*** Records to process ***

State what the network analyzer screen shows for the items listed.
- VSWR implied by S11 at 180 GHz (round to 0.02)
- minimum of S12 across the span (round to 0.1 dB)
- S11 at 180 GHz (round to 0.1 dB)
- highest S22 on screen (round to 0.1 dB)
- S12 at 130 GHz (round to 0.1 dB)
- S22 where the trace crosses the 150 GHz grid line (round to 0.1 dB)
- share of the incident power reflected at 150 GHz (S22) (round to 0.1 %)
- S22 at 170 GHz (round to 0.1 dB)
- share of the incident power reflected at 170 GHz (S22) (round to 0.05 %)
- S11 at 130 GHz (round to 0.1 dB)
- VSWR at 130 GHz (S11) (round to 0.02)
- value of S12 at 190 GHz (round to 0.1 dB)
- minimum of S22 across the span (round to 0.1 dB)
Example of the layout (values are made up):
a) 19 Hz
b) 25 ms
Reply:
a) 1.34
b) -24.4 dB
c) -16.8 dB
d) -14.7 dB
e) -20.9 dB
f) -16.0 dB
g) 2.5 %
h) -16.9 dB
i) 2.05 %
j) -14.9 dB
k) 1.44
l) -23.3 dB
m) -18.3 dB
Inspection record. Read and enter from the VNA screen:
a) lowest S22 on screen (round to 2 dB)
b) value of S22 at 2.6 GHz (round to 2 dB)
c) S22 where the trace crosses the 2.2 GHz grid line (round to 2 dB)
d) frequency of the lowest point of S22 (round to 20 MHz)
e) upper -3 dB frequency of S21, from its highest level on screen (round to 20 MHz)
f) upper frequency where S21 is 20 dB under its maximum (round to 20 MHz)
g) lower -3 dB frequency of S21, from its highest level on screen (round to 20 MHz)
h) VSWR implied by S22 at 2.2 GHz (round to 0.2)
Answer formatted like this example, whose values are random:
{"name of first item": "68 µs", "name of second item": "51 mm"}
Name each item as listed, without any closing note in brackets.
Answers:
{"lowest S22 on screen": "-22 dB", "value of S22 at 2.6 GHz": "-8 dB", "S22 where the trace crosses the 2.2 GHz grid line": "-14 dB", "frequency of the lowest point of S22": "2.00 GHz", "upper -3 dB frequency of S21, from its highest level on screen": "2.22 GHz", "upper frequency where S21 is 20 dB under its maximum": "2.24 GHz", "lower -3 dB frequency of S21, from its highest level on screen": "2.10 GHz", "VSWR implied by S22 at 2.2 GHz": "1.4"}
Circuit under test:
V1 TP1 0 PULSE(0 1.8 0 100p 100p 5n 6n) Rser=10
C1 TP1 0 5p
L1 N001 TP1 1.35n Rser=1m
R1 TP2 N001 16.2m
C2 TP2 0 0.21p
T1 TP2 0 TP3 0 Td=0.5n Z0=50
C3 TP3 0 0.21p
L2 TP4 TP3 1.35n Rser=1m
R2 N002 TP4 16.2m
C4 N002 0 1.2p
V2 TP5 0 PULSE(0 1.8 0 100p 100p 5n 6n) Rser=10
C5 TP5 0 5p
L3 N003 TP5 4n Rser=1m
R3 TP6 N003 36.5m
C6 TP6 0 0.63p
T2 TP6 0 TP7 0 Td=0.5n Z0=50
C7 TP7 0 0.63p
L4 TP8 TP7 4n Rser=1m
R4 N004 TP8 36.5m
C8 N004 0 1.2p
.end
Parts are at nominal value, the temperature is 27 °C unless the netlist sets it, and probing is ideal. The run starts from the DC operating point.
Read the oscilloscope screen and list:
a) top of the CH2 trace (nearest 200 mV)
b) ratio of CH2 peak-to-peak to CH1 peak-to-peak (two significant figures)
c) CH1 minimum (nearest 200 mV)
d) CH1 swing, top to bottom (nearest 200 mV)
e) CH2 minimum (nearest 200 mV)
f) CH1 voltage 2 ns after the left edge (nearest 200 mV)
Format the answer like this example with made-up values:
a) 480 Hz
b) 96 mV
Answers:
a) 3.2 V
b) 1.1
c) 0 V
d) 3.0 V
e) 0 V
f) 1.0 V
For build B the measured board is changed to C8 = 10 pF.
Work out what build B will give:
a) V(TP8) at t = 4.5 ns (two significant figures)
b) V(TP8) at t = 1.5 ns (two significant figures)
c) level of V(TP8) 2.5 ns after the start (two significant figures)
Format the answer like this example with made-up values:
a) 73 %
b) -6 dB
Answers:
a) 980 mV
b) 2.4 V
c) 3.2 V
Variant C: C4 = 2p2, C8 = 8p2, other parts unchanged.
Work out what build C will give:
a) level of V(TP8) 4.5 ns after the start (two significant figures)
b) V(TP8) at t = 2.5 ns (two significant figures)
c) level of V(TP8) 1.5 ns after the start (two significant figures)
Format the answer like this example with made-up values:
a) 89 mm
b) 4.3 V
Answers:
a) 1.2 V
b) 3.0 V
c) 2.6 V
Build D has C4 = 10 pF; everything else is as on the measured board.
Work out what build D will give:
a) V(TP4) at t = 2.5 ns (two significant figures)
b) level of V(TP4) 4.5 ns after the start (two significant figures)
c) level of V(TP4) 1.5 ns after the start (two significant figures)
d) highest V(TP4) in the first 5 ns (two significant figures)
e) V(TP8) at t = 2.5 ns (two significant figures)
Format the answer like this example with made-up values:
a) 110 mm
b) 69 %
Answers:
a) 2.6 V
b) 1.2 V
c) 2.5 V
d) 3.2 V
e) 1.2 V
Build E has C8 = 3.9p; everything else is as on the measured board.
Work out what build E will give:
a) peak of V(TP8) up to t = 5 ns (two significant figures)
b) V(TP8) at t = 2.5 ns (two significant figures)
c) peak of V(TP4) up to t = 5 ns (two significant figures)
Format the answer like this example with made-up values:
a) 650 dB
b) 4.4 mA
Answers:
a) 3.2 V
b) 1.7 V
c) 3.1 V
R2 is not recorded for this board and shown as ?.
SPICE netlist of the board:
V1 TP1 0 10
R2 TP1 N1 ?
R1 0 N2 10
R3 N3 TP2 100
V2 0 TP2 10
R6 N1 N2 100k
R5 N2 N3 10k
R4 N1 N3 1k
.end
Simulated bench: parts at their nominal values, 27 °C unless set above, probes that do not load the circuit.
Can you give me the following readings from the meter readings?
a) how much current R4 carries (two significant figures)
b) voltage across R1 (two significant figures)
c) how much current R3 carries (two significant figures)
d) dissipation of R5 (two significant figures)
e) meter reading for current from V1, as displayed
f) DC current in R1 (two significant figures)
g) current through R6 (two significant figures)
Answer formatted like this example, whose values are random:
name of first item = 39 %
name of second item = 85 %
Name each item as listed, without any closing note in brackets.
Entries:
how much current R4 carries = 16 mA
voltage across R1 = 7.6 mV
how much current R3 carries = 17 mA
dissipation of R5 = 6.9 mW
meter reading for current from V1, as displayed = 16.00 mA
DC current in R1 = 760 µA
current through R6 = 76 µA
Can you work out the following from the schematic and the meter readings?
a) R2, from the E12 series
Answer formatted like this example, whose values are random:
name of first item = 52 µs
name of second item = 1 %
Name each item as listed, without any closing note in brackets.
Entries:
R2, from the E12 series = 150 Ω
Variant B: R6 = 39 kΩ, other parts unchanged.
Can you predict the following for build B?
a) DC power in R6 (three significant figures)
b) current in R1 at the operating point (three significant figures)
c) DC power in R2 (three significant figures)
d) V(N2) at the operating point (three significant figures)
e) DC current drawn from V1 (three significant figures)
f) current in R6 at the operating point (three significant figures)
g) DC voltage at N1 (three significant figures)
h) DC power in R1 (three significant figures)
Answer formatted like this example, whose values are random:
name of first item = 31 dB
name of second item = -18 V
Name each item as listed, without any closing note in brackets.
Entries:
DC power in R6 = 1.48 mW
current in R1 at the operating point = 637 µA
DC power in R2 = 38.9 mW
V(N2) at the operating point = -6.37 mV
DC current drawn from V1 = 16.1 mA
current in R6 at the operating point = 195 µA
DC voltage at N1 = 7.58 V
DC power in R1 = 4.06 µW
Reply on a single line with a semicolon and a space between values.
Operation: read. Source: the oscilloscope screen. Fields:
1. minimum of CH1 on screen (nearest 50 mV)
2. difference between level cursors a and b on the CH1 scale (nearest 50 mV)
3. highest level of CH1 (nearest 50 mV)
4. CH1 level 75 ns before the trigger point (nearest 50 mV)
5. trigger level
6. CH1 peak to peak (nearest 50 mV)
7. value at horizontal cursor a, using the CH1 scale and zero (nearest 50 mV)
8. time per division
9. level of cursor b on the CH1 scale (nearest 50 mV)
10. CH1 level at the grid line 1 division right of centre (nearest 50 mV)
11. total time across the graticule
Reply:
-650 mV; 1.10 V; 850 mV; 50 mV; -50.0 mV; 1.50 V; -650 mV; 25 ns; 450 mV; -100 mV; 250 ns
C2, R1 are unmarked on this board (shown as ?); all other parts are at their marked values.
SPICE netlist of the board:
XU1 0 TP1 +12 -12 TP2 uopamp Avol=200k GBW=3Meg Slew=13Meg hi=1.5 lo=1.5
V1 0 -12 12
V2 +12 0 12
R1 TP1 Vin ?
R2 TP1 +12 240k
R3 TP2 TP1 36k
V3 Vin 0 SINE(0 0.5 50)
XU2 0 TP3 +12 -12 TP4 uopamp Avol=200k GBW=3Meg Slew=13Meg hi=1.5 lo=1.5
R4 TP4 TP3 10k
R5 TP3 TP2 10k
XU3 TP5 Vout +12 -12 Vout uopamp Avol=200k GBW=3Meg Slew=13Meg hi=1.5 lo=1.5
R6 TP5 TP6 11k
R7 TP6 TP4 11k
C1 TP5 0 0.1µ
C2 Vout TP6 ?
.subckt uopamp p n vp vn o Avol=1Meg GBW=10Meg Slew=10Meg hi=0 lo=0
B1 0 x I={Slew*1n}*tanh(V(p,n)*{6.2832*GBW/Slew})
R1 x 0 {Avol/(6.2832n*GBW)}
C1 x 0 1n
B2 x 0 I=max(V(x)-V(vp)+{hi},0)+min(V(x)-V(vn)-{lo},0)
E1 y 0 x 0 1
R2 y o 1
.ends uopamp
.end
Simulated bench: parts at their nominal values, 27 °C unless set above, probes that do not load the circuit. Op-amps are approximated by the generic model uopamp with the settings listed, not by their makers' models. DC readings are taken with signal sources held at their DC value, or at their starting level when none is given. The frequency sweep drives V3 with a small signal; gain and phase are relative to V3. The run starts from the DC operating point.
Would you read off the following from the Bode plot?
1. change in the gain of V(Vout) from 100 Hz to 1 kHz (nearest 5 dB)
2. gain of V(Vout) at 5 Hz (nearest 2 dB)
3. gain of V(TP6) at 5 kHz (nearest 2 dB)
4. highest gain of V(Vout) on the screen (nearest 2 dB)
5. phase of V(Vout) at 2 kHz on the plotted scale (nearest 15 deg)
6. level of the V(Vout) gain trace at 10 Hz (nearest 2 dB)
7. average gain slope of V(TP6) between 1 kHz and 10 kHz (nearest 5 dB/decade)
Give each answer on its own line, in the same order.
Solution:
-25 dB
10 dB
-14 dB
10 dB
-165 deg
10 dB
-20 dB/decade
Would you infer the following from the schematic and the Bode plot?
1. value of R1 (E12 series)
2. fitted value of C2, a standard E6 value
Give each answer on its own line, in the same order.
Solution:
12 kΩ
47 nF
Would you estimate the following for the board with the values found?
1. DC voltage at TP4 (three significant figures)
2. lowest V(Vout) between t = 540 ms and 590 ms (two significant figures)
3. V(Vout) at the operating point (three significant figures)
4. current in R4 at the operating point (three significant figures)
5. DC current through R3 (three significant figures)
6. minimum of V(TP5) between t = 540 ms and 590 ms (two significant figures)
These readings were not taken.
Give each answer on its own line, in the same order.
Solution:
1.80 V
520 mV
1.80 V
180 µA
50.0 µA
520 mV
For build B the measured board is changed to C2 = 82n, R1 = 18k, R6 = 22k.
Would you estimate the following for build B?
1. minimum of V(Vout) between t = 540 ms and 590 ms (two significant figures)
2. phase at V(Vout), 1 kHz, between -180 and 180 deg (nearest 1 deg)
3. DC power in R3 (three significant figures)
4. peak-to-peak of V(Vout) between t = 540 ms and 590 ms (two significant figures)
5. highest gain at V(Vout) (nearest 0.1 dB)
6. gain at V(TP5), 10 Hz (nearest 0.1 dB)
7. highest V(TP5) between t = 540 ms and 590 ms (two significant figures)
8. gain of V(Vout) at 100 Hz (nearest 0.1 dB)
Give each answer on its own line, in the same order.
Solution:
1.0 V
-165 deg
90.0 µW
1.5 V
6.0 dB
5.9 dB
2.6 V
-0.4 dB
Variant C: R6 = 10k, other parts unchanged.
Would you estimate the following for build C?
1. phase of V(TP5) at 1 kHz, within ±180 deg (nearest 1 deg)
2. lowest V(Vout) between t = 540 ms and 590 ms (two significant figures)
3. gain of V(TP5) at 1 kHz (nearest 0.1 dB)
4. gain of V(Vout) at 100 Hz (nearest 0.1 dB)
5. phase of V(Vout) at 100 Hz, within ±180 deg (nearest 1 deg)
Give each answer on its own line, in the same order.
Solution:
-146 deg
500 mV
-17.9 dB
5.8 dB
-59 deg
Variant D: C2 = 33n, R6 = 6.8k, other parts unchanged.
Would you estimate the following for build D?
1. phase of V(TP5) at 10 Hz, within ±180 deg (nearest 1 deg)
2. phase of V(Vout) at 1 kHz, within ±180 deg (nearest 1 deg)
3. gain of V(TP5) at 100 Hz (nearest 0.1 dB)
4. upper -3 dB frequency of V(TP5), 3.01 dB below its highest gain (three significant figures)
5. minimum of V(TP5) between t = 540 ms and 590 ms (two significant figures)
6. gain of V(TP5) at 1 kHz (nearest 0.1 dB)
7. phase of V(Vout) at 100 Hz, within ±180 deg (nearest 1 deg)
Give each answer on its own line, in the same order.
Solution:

*** End of Records to process ***

Activity >> The answer is each line from the entries above in which the word "unchanged" occurs.

Answer box >>
Variant C: C4 = 2p2, C8 = 8p2, other parts unchanged.
Variant B: R6 = 39 kΩ, other parts unchanged.
Variant C: R6 = 10k, other parts unchanged.
Variant D: C2 = 33n, R6 = 6.8k, other parts unchanged.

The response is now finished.